===== Materials provided =====

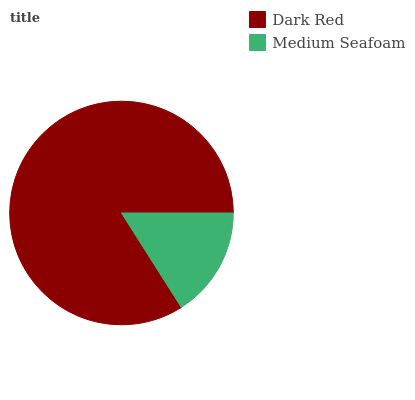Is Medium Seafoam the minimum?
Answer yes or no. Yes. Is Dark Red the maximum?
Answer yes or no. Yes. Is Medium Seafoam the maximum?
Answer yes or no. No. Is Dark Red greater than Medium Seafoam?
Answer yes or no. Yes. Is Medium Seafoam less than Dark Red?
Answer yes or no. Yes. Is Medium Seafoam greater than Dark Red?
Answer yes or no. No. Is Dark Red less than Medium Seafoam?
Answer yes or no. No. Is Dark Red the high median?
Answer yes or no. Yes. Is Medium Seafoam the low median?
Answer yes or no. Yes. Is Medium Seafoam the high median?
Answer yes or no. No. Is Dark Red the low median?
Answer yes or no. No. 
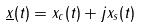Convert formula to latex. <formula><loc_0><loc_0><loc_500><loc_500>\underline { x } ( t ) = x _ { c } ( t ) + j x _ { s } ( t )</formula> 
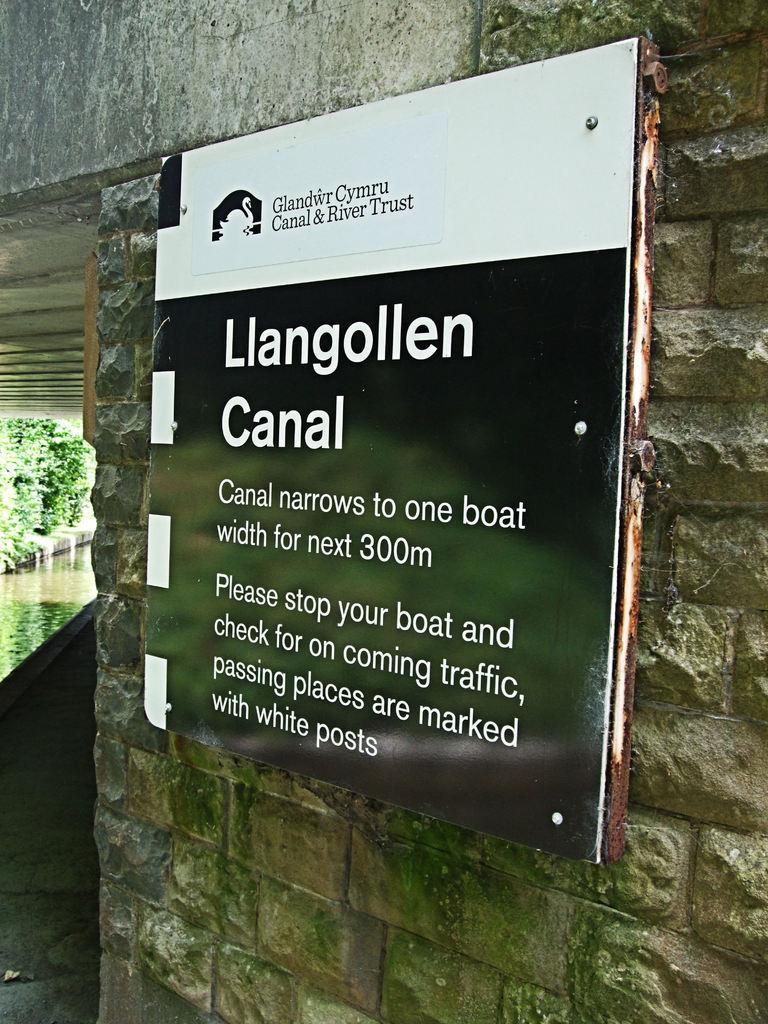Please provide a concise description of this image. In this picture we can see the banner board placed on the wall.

=====

The problem → Write the records out again exactly as shown above, keeping no pictures.

Response to this task →
Is Medium Seafoam the minimum?
Answer yes or no. Yes. Is Dark Red the maximum?
Answer yes or no. Yes. Is Medium Seafoam the maximum?
Answer yes or no. No. Is Dark Red greater than Medium Seafoam?
Answer yes or no. Yes. Is Medium Seafoam less than Dark Red?
Answer yes or no. Yes. Is Medium Seafoam greater than Dark Red?
Answer yes or no. No. Is Dark Red less than Medium Seafoam?
Answer yes or no. No. Is Dark Red the high median?
Answer yes or no. Yes. Is Medium Seafoam the low median?
Answer yes or no. Yes. Is Medium Seafoam the high median?
Answer yes or no. No. Is Dark Red the low median?
Answer yes or no. No. 
Convert formula to latex. <formula><loc_0><loc_0><loc_500><loc_500>\underline { x } ( t ) = x _ { c } ( t ) + j x _ { s } ( t )</formula> 
Please provide a concise description of this image. In this picture we can see the banner board placed on the wall.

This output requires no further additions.